* What needs to be done: Please write out the listing exactly, leaving each picture out.

* Source material:
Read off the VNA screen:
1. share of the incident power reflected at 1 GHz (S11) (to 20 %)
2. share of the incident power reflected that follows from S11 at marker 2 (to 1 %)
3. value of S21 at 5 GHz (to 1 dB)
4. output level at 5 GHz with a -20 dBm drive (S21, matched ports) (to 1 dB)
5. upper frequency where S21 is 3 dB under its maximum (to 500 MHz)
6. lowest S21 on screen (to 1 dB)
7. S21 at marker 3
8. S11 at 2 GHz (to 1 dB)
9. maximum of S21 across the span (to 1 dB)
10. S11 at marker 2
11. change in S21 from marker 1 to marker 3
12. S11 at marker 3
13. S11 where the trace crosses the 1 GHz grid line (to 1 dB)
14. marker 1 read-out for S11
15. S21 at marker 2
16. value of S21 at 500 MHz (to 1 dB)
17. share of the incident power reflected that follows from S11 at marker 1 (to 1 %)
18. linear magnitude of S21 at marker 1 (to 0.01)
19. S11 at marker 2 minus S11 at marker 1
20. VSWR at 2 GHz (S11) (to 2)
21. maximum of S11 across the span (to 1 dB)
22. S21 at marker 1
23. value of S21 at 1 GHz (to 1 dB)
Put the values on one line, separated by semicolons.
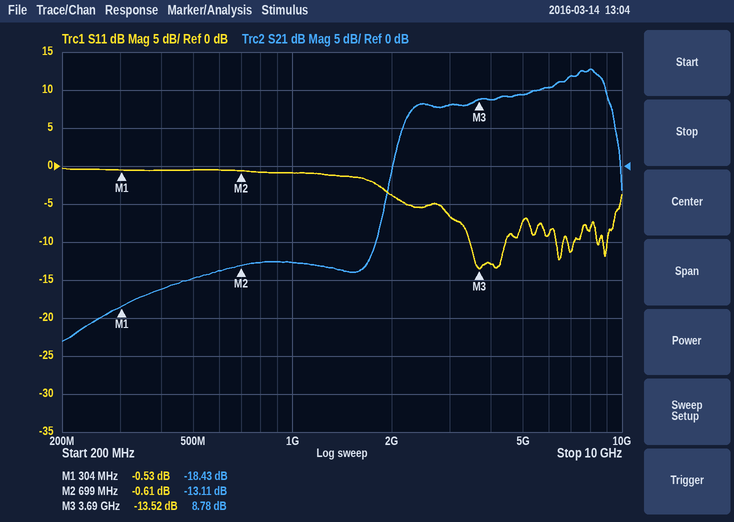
80 %; 87 %; 9 dB; -11 dBm; 9.0 GHz; -23 dB; 8.78 dB; -4 dB; 13 dB; -0.61 dB; 27.21 dB; -13.52 dB; -1 dB; -0.53 dB; -13.11 dB; -15 dB; 89 %; 0.12; -0.08 dB; 4; 0 dB; -18.43 dB; -13 dB
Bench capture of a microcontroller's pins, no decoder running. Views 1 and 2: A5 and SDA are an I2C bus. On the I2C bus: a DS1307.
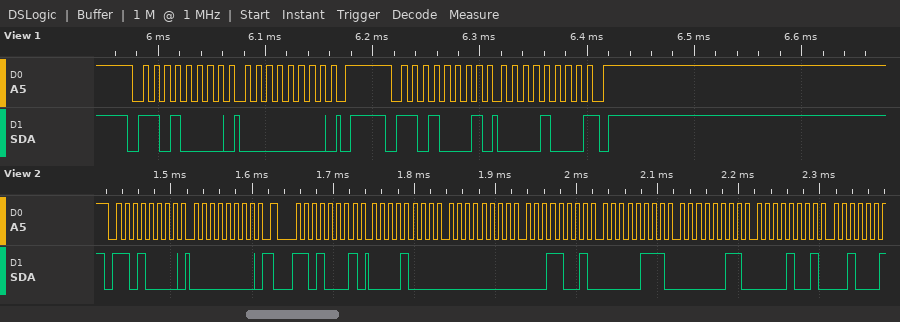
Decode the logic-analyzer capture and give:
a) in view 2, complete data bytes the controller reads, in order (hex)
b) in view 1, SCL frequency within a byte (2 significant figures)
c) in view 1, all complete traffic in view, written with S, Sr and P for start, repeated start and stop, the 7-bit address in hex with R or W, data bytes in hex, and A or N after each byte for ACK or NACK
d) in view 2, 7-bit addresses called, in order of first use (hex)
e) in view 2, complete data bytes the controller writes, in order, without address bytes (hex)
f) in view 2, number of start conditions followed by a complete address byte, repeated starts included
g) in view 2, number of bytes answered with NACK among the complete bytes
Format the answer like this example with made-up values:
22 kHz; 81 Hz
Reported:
08 00 19 07 03 09; 100 kHz; S 68W A 00 A P S 68R A 08 N P; 0x68; 00; 2; 0
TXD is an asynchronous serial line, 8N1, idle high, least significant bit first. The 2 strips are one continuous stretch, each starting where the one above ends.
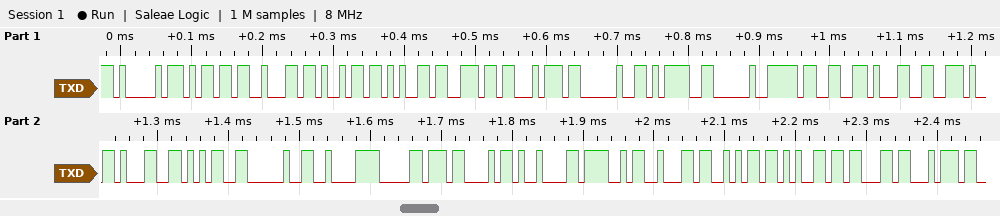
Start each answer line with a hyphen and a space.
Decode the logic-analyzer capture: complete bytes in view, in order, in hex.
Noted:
- 41 6D 62 69 65 6E 74 20 3D 20 33 31 2E 31 35 20 C2 B0 43 09 4F 62 6A 65 63 74
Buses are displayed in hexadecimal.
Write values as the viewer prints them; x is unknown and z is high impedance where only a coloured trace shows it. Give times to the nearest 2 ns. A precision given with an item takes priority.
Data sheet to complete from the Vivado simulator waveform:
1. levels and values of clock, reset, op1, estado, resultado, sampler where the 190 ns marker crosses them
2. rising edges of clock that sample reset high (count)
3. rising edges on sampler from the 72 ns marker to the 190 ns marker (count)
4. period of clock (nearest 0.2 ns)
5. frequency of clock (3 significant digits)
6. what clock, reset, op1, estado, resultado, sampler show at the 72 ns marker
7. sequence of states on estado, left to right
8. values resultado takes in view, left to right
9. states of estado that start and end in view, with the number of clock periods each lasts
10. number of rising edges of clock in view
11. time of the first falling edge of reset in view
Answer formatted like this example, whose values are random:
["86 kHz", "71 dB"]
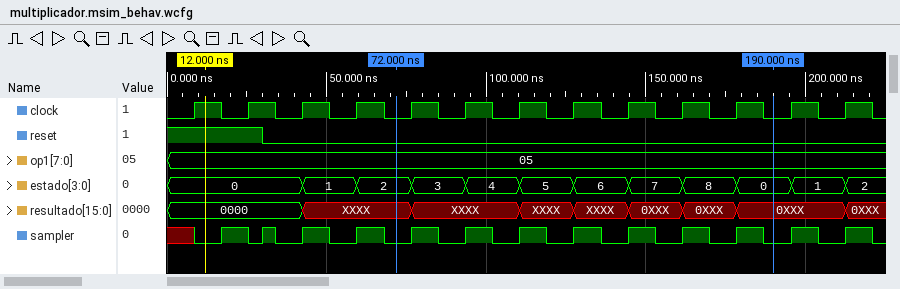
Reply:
["clock=0, reset=0, op1=05, estado=0, resultado=0XXX, sampler=0", "2", "7", "17 ns", "58.8 MHz", "clock=0, reset=0, op1=05, estado=2, resultado=XXXX, sampler=0", "0, 1, 2, 3, 4, 5, 6, 7, 8, 0, 1, 2", "0000, XXXX, XXXX, XXXX, XXXX, 0XXX, 0XXX, 0XXX, 0XXX", "1: 1, 2: 1, 3: 1, 4: 1, 5: 1, 6: 1, 7: 1, 8: 1, 0: 1, 1: 1", "13", "30 ns"]

* Output for this task:
Read off the VNA screen:
1. share of the incident power reflected at 1 GHz (S11) (to 20 %)
2. share of the incident power reflected that follows from S11 at marker 2 (to 1 %)
3. value of S21 at 5 GHz (to 1 dB)
4. output level at 5 GHz with a -20 dBm drive (S21, matched ports) (to 1 dB)
5. upper frequency where S21 is 3 dB under its maximum (to 500 MHz)
6. lowest S21 on screen (to 1 dB)
7. S21 at marker 3
8. S11 at 2 GHz (to 1 dB)
9. maximum of S21 across the span (to 1 dB)
10. S11 at marker 2
11. change in S21 from marker 1 to marker 3
12. S11 at marker 3
13. S11 where the trace crosses the 1 GHz grid line (to 1 dB)
14. marker 1 read-out for S11
15. S21 at marker 2
16. value of S21 at 500 MHz (to 1 dB)
17. share of the incident power reflected that follows from S11 at marker 1 (to 1 %)
18. linear magnitude of S21 at marker 1 (to 0.01)
19. S11 at marker 2 minus S11 at marker 1
20. VSWR at 2 GHz (S11) (to 2)
21. maximum of S11 across the span (to 1 dB)
22. S21 at marker 1
23. value of S21 at 1 GHz (to 1 dB)
Put the values on one line, separated by semicolons.
80 %; 87 %; 9 dB; -11 dBm; 9.0 GHz; -23 dB; 8.78 dB; -4 dB; 13 dB; -0.61 dB; 27.21 dB; -13.52 dB; -1 dB; -0.53 dB; -13.11 dB; -15 dB; 89 %; 0.12; -0.08 dB; 4; 0 dB; -18.43 dB; -13 dB
Bench capture of a microcontroller's pins, no decoder running. Views 1 and 2: A5 and SDA are an I2C bus. On the I2C bus: a DS1307.
Decode the logic-analyzer capture and give:
a) in view 2, complete data bytes the controller reads, in order (hex)
b) in view 1, SCL frequency within a byte (2 significant figures)
c) in view 1, all complete traffic in view, written with S, Sr and P for start, repeated start and stop, the 7-bit address in hex with R or W, data bytes in hex, and A or N after each byte for ACK or NACK
d) in view 2, 7-bit addresses called, in order of first use (hex)
e) in view 2, complete data bytes the controller writes, in order, without address bytes (hex)
f) in view 2, number of start conditions followed by a complete address byte, repeated starts included
g) in view 2, number of bytes answered with NACK among the complete bytes
Format the answer like this example with made-up values:
22 kHz; 81 Hz
Reported:
08 00 19 07 03 09; 100 kHz; S 68W A 00 A P S 68R A 08 N P; 0x68; 00; 2; 0
TXD is an asynchronous serial line, 8N1, idle high, least significant bit first. The 2 strips are one continuous stretch, each starting where the one above ends.
Start each answer line with a hyphen and a space.
Decode the logic-analyzer capture: complete bytes in view, in order, in hex.
Noted:
- 41 6D 62 69 65 6E 74 20 3D 20 33 31 2E 31 35 20 C2 B0 43 09 4F 62 6A 65 63 74
Buses are displayed in hexadecimal.
Write values as the viewer prints them; x is unknown and z is high impedance where only a coloured trace shows it. Give times to the nearest 2 ns. A precision given with an item takes priority.
Data sheet to complete from the Vivado simulator waveform:
1. levels and values of clock, reset, op1, estado, resultado, sampler where the 190 ns marker crosses them
2. rising edges of clock that sample reset high (count)
3. rising edges on sampler from the 72 ns marker to the 190 ns marker (count)
4. period of clock (nearest 0.2 ns)
5. frequency of clock (3 significant digits)
6. what clock, reset, op1, estado, resultado, sampler show at the 72 ns marker
7. sequence of states on estado, left to right
8. values resultado takes in view, left to right
9. states of estado that start and end in view, with the number of clock periods each lasts
10. number of rising edges of clock in view
11. time of the first falling edge of reset in view
Answer formatted like this example, whose values are random:
["86 kHz", "71 dB"]
Reply:
["clock=0, reset=0, op1=05, estado=0, resultado=0XXX, sampler=0", "2", "7", "17 ns", "58.8 MHz", "clock=0, reset=0, op1=05, estado=2, resultado=XXXX, sampler=0", "0, 1, 2, 3, 4, 5, 6, 7, 8, 0, 1, 2", "0000, XXXX, XXXX, XXXX, XXXX, 0XXX, 0XXX, 0XXX, 0XXX", "1: 1, 2: 1, 3: 1, 4: 1, 5: 1, 6: 1, 7: 1, 8: 1, 0: 1, 1: 1", "13", "30 ns"]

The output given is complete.